The Committee shall make such adjustment, as it shall deem equitable, to any
or all of:
(a) the aggregate numbers of shares of
Stock, shares of Restricted Stock, and bonus stock available under Sections 3(a)
and 3(b);
(b) the number of shares of Stock, shares
of Restricted Stock, Stock Appreciation Rights or Performance Units covered by
an Award;
(c) the performance objectives for
Performance Periods not yet completed, including performance l evels and the
proportion of payments related thereto;
(d) the Option Price;
(e) the Fair Market Value of Stock to be
used to determine the amount of the benefit payable under exercise of Stock
Appreciation Rights or Performance Units; and
(f) any other terms or provisions of any
outstanding grants of stock options, Restricted Stock, Performance Units or
Stock Appreciation Rights:
to reflect a stock dividend, stock split, reverse stock split, share
combination, recapitalization, merger, consolidation, acquisition of property or
shares, separation, spin-off, reorganization, stock rights offering, liquidation
or similar event, of or by the Company, or, if deemed appropriate, the Committee
may make provisions for a cash payment to the holder of an outstanding Award;
provided, however, in each case, that with respect to Awards of Incentive Stock
Options no such adjustment shall be authorized to the extent that the authority
to make such adjustments would cause the Plan to violate Section 422(b)(1) of
the Code; and provided further, that the number of shares subject to any Award
denominated in shares of Stock shall always be a whole number. Notwithstanding
any part of the foregoing to the contrary, upon the approval by the stockholders
of the Company of a plan of liquidation for the Company, any unexercised
options, Stock Appreciation Rights, and Performance Units previously granted
become exercisable, and any shares of Restricted Stock that have not become
nonforfeitable shall become nonforfeitable.

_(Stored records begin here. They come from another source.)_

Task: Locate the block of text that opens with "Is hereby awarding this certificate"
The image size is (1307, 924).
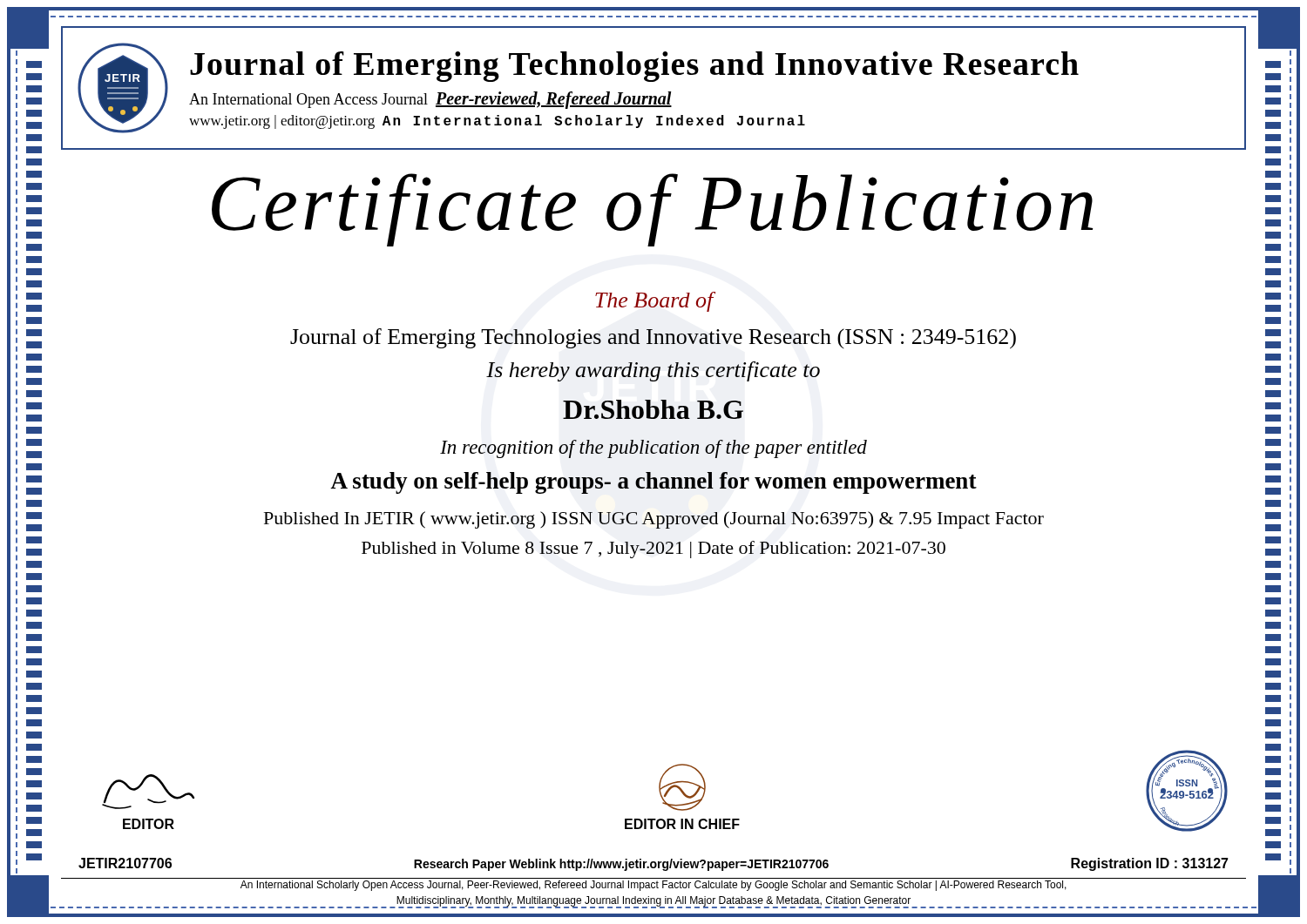Action: pos(654,370)
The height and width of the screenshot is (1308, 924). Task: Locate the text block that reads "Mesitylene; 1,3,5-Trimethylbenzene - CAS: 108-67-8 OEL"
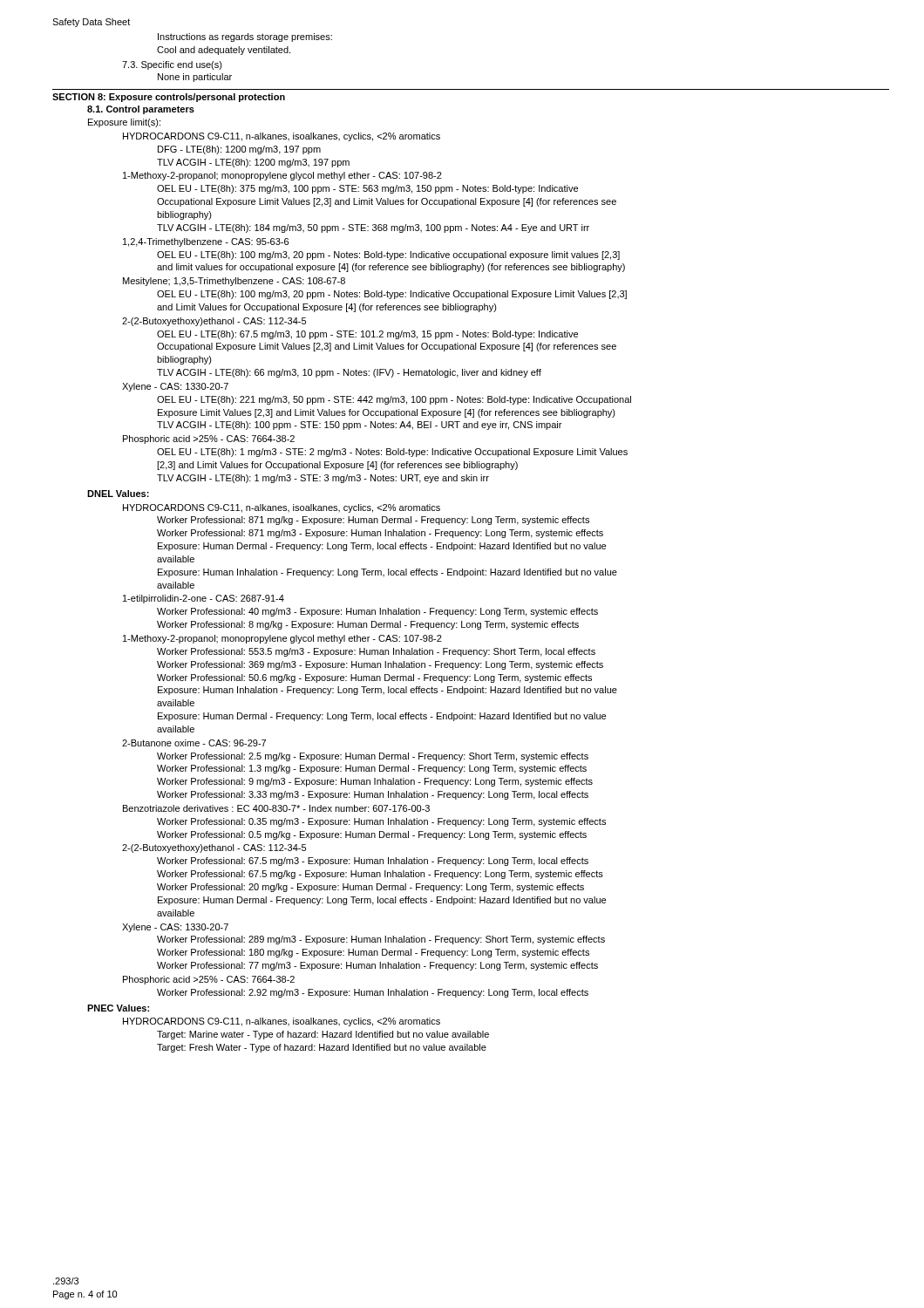click(506, 294)
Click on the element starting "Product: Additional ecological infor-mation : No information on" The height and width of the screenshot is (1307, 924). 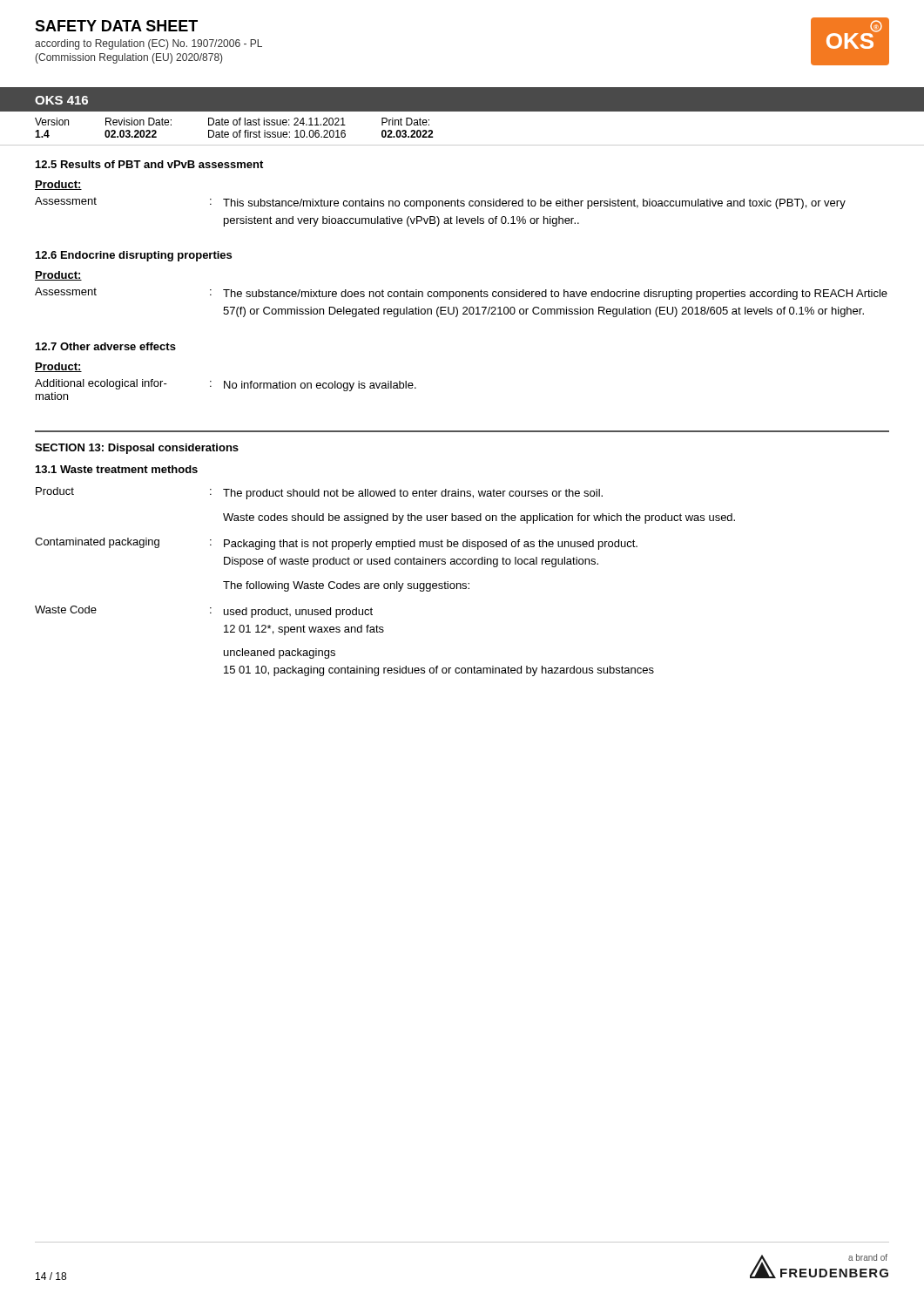click(58, 367)
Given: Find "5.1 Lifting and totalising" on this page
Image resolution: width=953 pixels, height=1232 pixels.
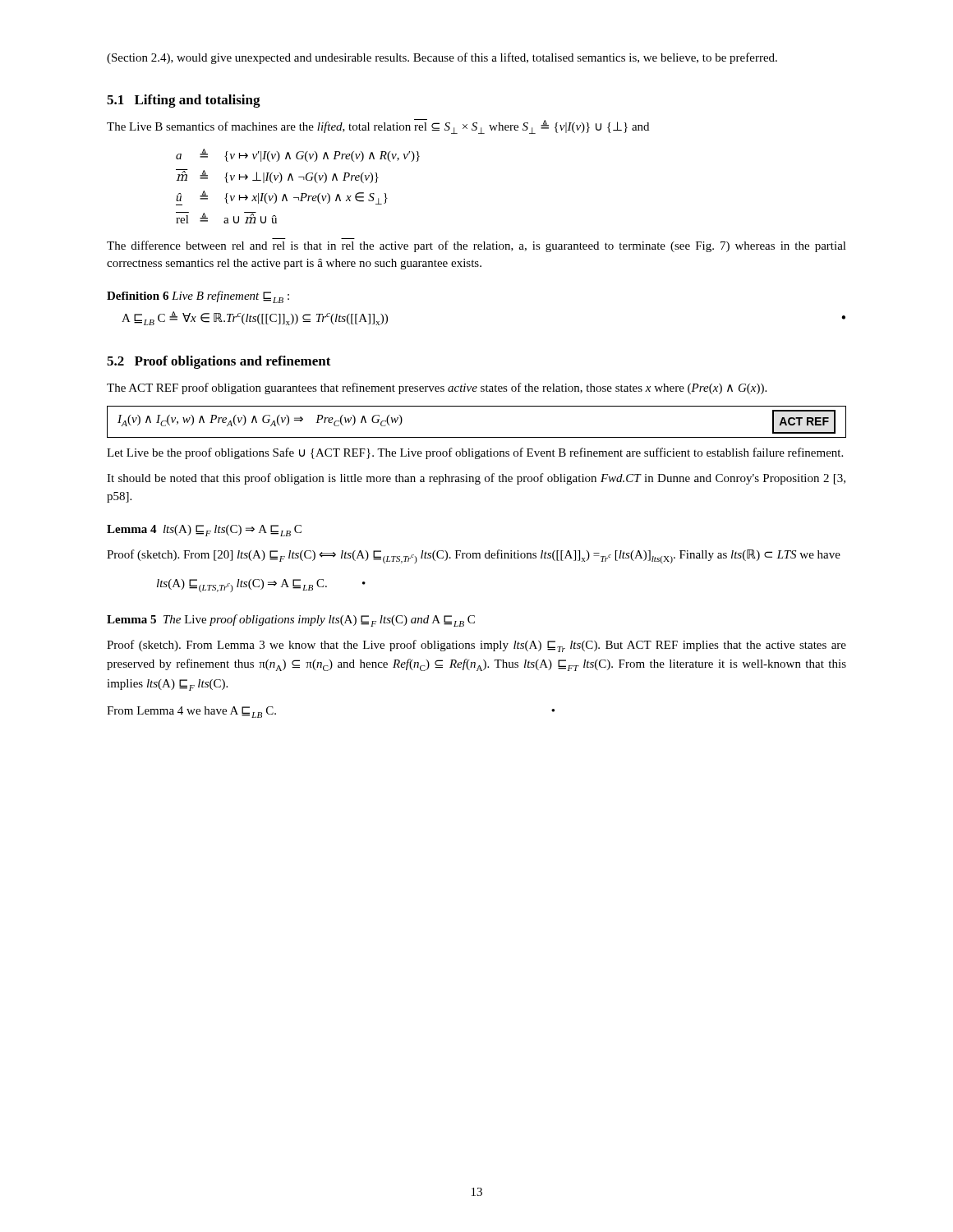Looking at the screenshot, I should pos(184,101).

25. AMENDMENT OF THE PLAN. The Board may from time
to time in its discretion amend or modify the Plan without the approval of
the stockholders of the Company, except as such stockholder approval may be
required (a) to permit the grant of Awards under, and transactions in Stock
pursuant to, the Plan to be exempt from liability under Section 16(b) of the
1934 Act, (b) under the listing requirements of any national securities
exchange on which are listed any of the Company's equity securities, or (c) to
permit the continued grant of options which qualify as Incentive Stock Options
under the Plan.
26. TERMINATION OF THE PLAN. The Plan shall
terminate on the tenth (10th) anniversary of the Effective Date or at such
earlier time as the Board may determine. Any termination, whether in whole
or in part, shall not affect any Award then outstanding under the Plan.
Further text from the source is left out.